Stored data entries
════

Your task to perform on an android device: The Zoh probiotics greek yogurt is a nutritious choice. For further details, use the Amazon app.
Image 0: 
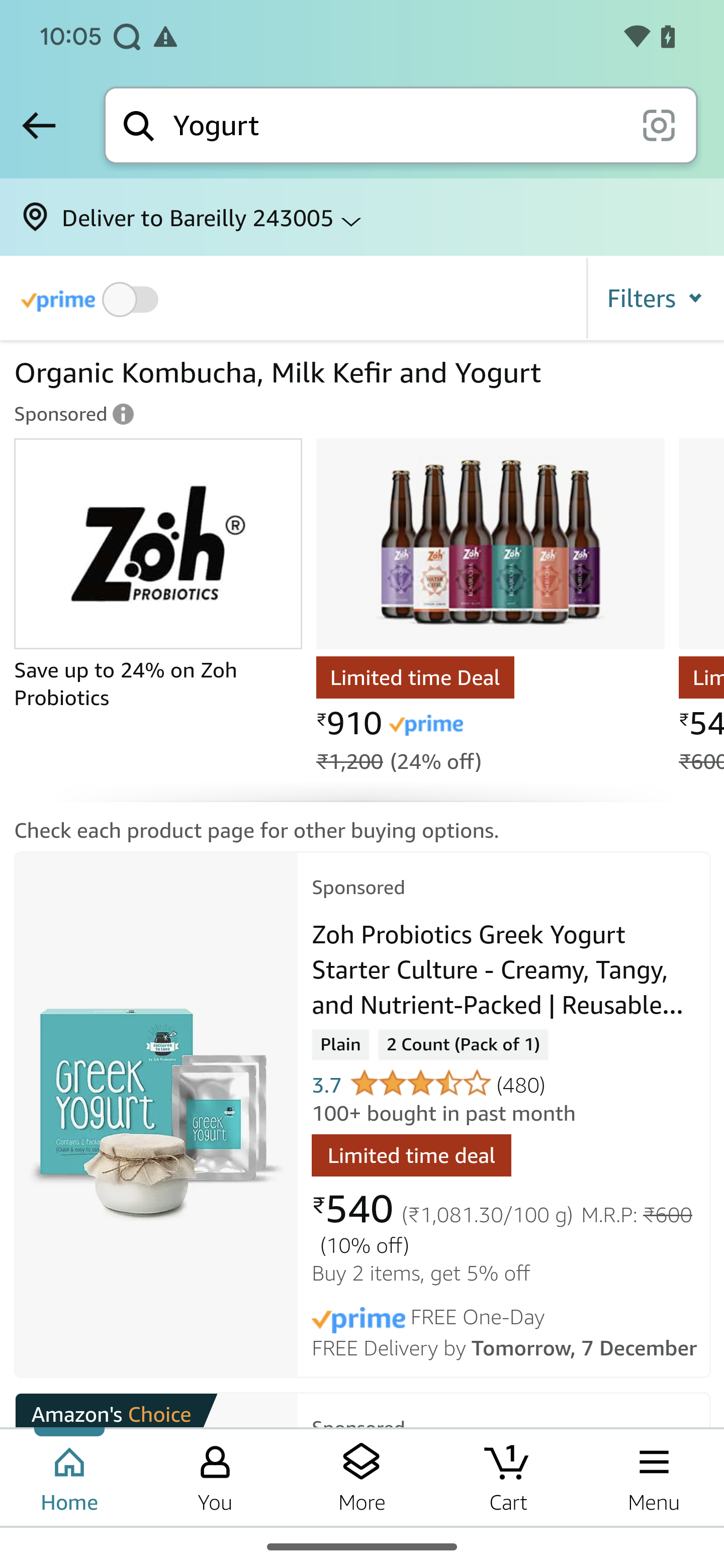
Click on the Zoh probiotics greek yogurt to view the details
Step 0: click (156, 1115)
Image 1: 
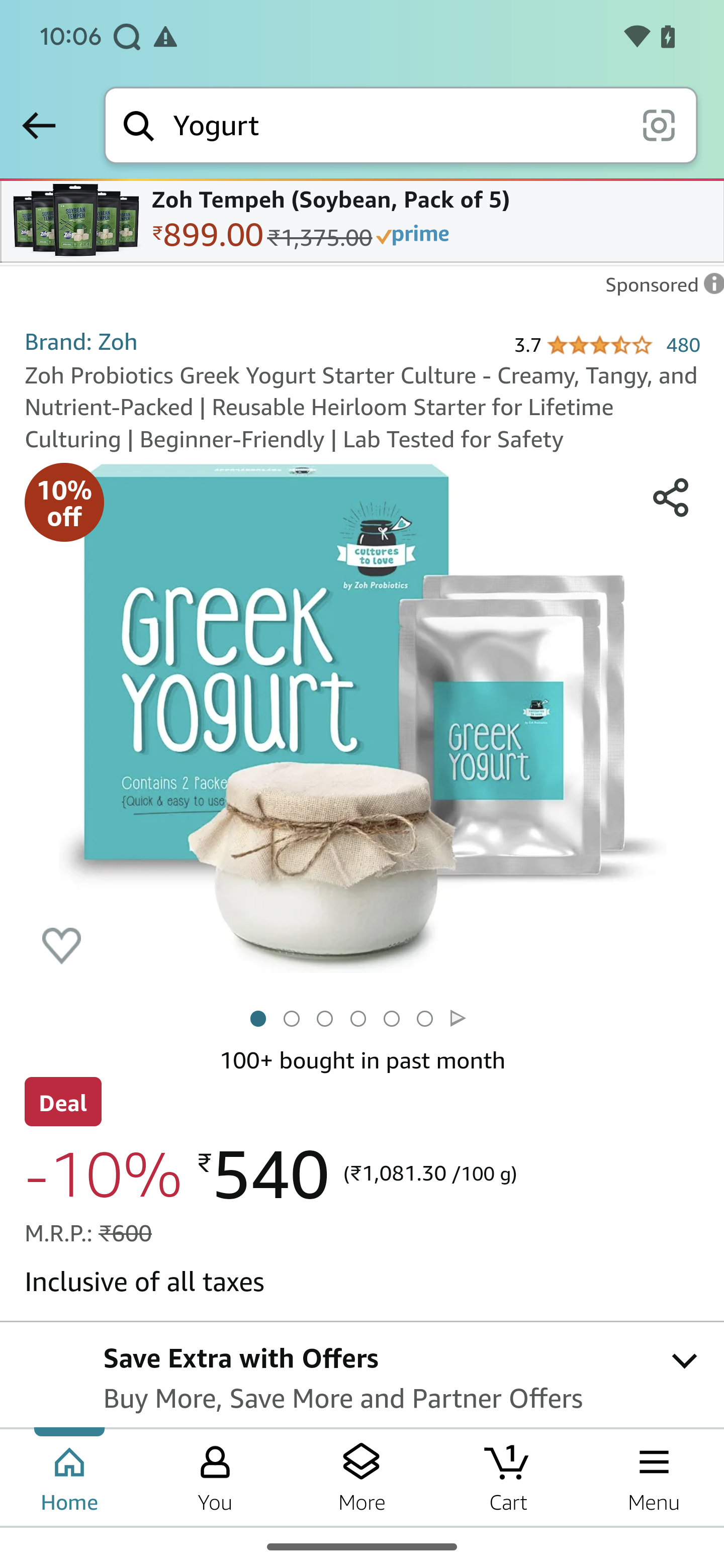
Swipe up on the screen to view details
Step 1: scroll down
Image 2: 
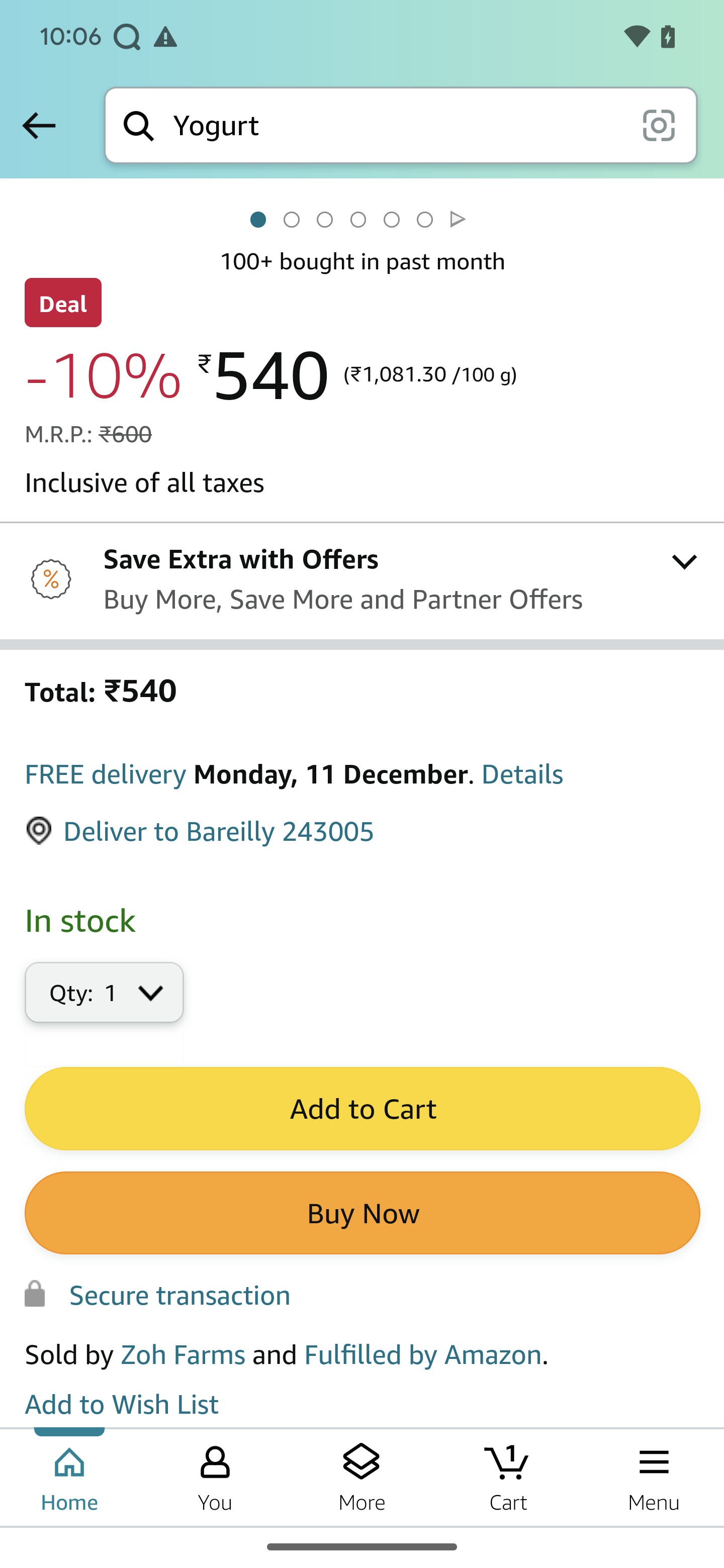
Swipe up on the screen to view details
Step 2: scroll down
Image 3: 
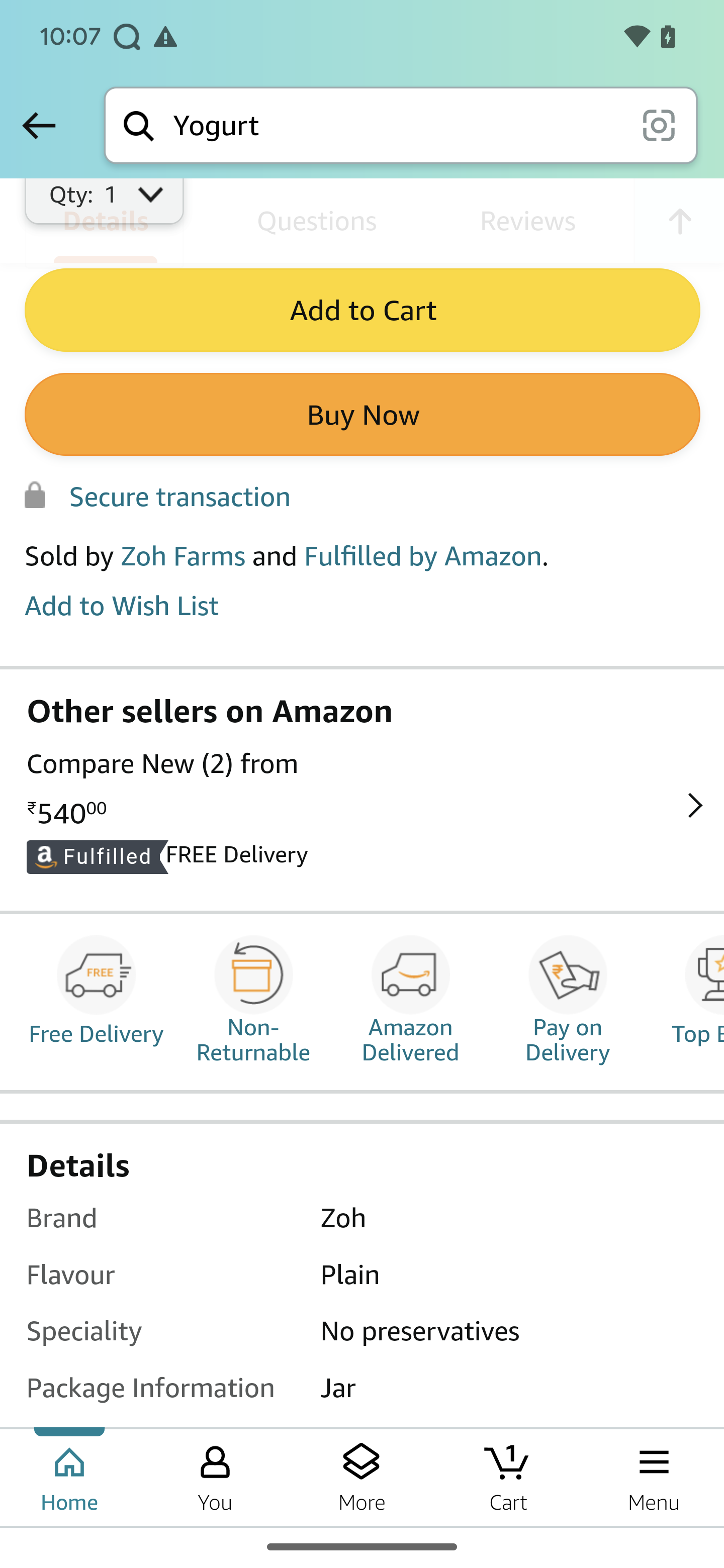
Swipe up on the screen to view details
Step 3: scroll down

════

**YOUR GOAL**
Every entry must be transcribed exactly. Pictures do not belong in the copy.

**PROBLEM SOLUTION**
Your task to perform on an android device: The Zoh probiotics greek yogurt is a nutritious choice. For further details, use the Amazon app.
Image 0: 
Click on the Zoh probiotics greek yogurt to view the details
Step 0: click (156, 1115)
Image 1: 
Swipe up on the screen to view details
Step 1: scroll down
Image 2: 
Swipe up on the screen to view details
Step 2: scroll down
Image 3: 
Swipe up on the screen to view details
Step 3: scroll down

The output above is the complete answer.